Weis Jerome J, Cardinale Bradley J, Forshay Kenneth J, Ives Anthony R
Department of Ecology, Evolution & Marine Biology, University of California-Santa Barbara, Santa Barbara, California 93106, USA.
Ecology. 2007 Apr;88(4):929-39. doi: 10.1890/06-0943.
Over the past decade an increasing number of studies have experimentally manipulated the number of species in a community and examined how this alters the aggregate production of species biomass. Many of these studies have shown that the effects of richness on biomass change through time, but we have limited understanding of the mechanisms that produce these dynamic trends. Here we report the results of an experiment in which we manipulated the richness of freshwater algae in laboratory microcosms. We used two experimental designs (additive and substitutive) that make different assumptions about how patches are initially colonized, and then tracked the development of community biomass from the point of initial colonization through a period of 6-12 generations of the focal species. We found that the effect of initial species richness on biomass production qualitatively shifted twice over the course of the experiment. The first shift occurred as species transitioned from density-independent to dependent phases of population growth. At this time, intraspecific competition caused monocultures to approach their respective carrying capacities more slowly than polycultures. As a consequence, species tended to over-yield for a brief time, generating a positive, but transient effect of diversity on community biomass. The second shift occurred as communities approached carrying capacity. At this time, strong interspecific interactions caused biomass to be dominated by the competitively superior species in polycultures. As this species had the lowest carrying capacity, a negative effect of diversity on biomass resulted in late succession. Although these two shifts produced dynamics that appeared complex, we show that the patterns can be fit to a simple Lotka-Volterra model of competition. Our results suggest that the effects of algal diversity on primary production change in a predictable sequence through successional time.

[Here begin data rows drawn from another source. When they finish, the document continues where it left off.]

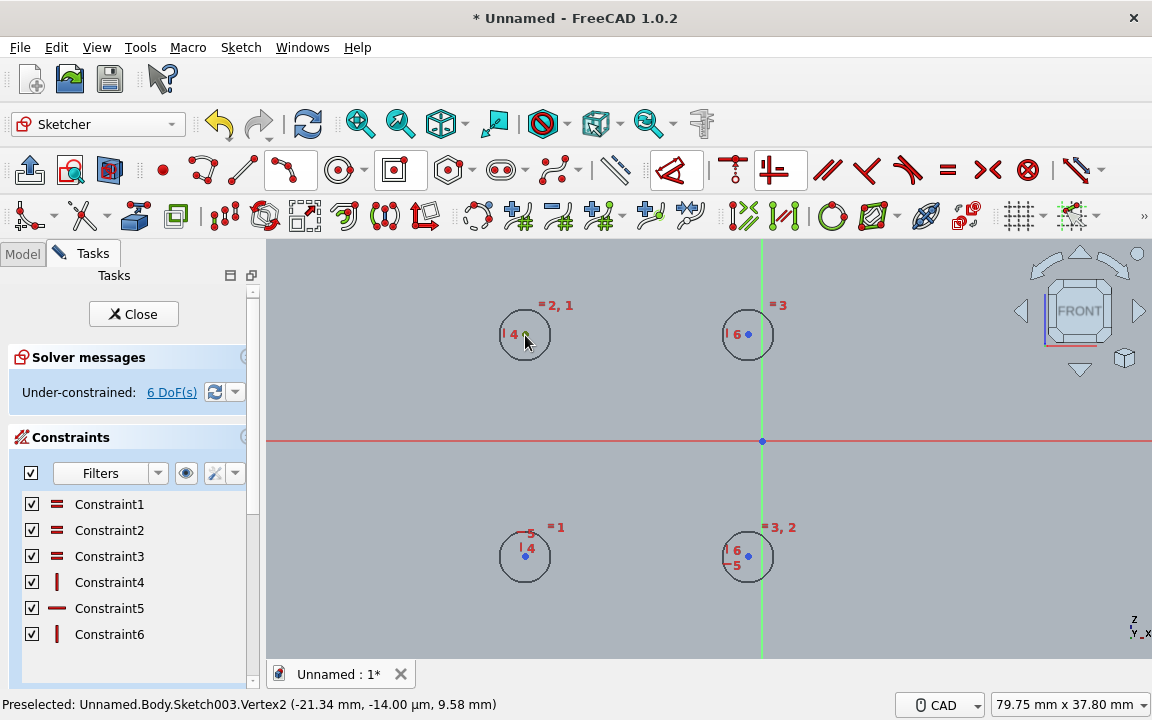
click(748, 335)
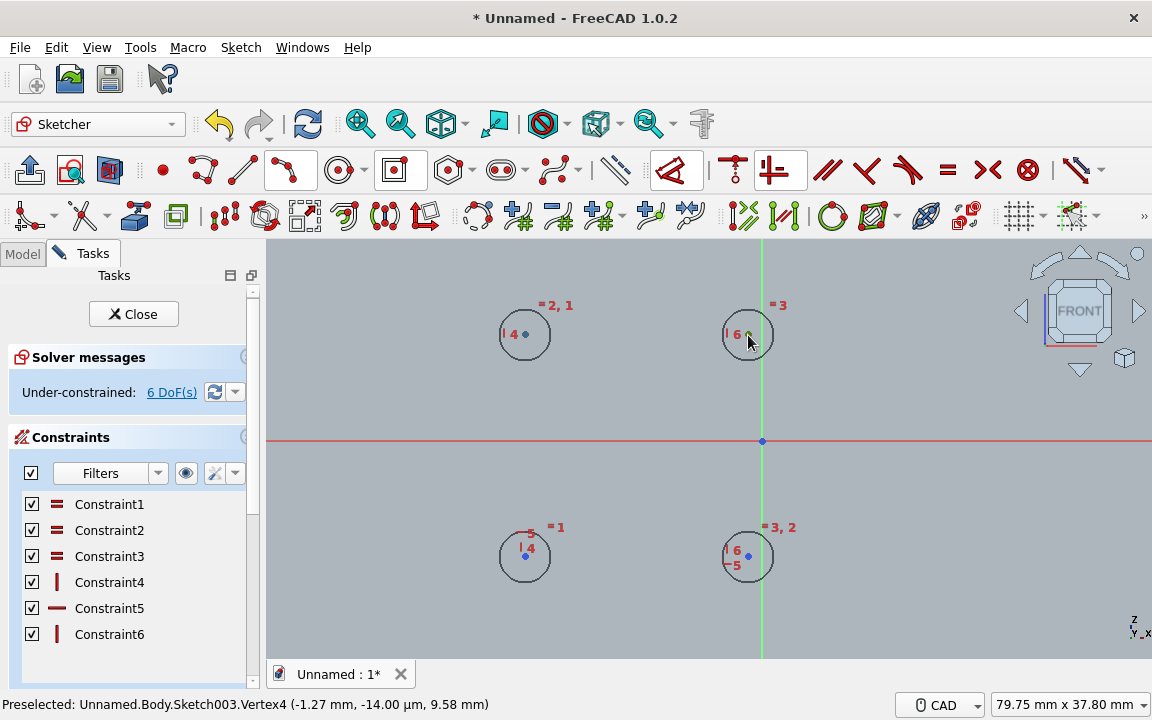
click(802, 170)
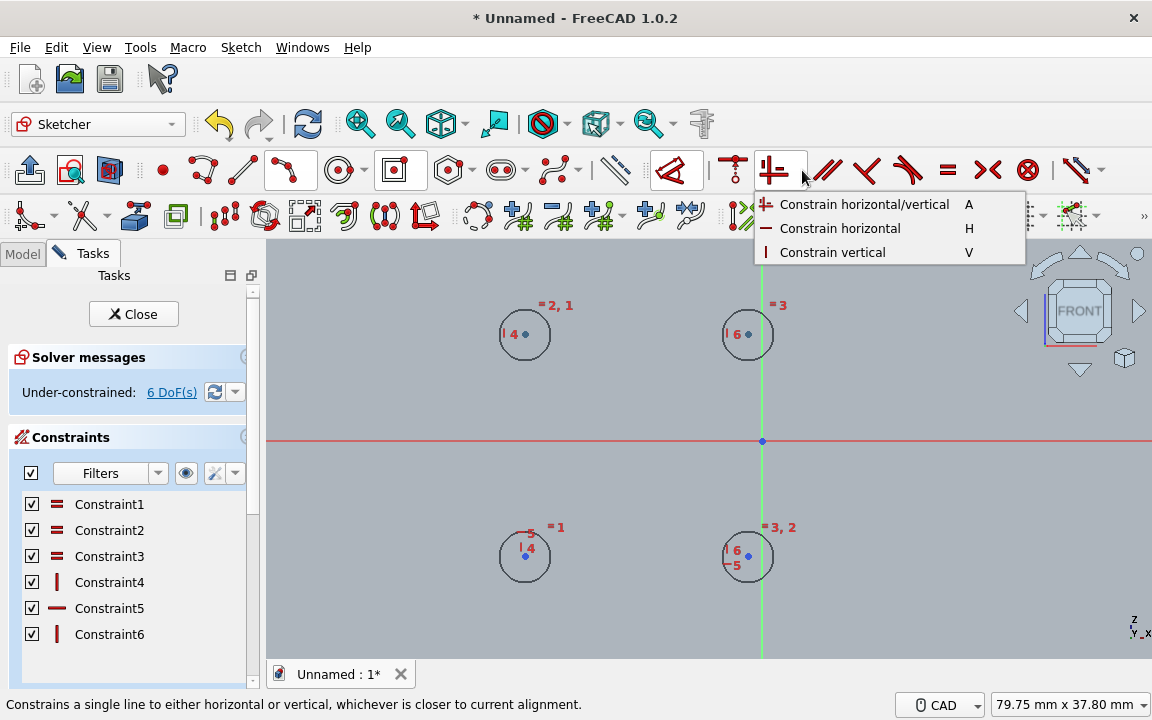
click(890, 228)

在过去十年中,越来越多的研究通过实验操纵群落中的物种数量,并研究这如何改变物种生物量的总生产量。这些研究中的许多都表明,丰富度对生物量的影响会随时间变化,但我们对产生这些动态趋势的机制了解有限。在此,我们报告一项实验的结果,在该实验中我们在实验室微观环境中操纵了淡水藻类的丰富度。我们使用了两种实验设计(加法设计和替代设计),这两种设计对斑块最初如何被定殖做出了不同假设,然后从初始定殖点开始跟踪群落生物量的发展,历经焦点物种的6 - 12代。我们发现,在实验过程中,初始物种丰富度对生物量生产的影响在质量上发生了两次转变。第一次转变发生在物种从种群增长的密度独立阶段过渡到密度依赖阶段时。此时,种内竞争导致单培养物比多培养物更缓慢地接近其各自的承载能力。因此,物种在短时间内往往会超产,从而产生多样性对群落生物量的正向但短暂的影响。第二次转变发生在群落接近承载能力时。此时,强烈的种间相互作用导致生物量在多培养物中由竞争优势物种主导。由于该物种的承载能力最低,多样性对生物量的负面影响导致了后期演替。尽管这两次转变产生的动态看起来很复杂,但我们表明这些模式可以拟合到一个简单的竞争洛特卡 - 沃尔泰拉模型。我们的结果表明,藻类多样性对初级生产的影响在演替过程中按可预测的顺序变化。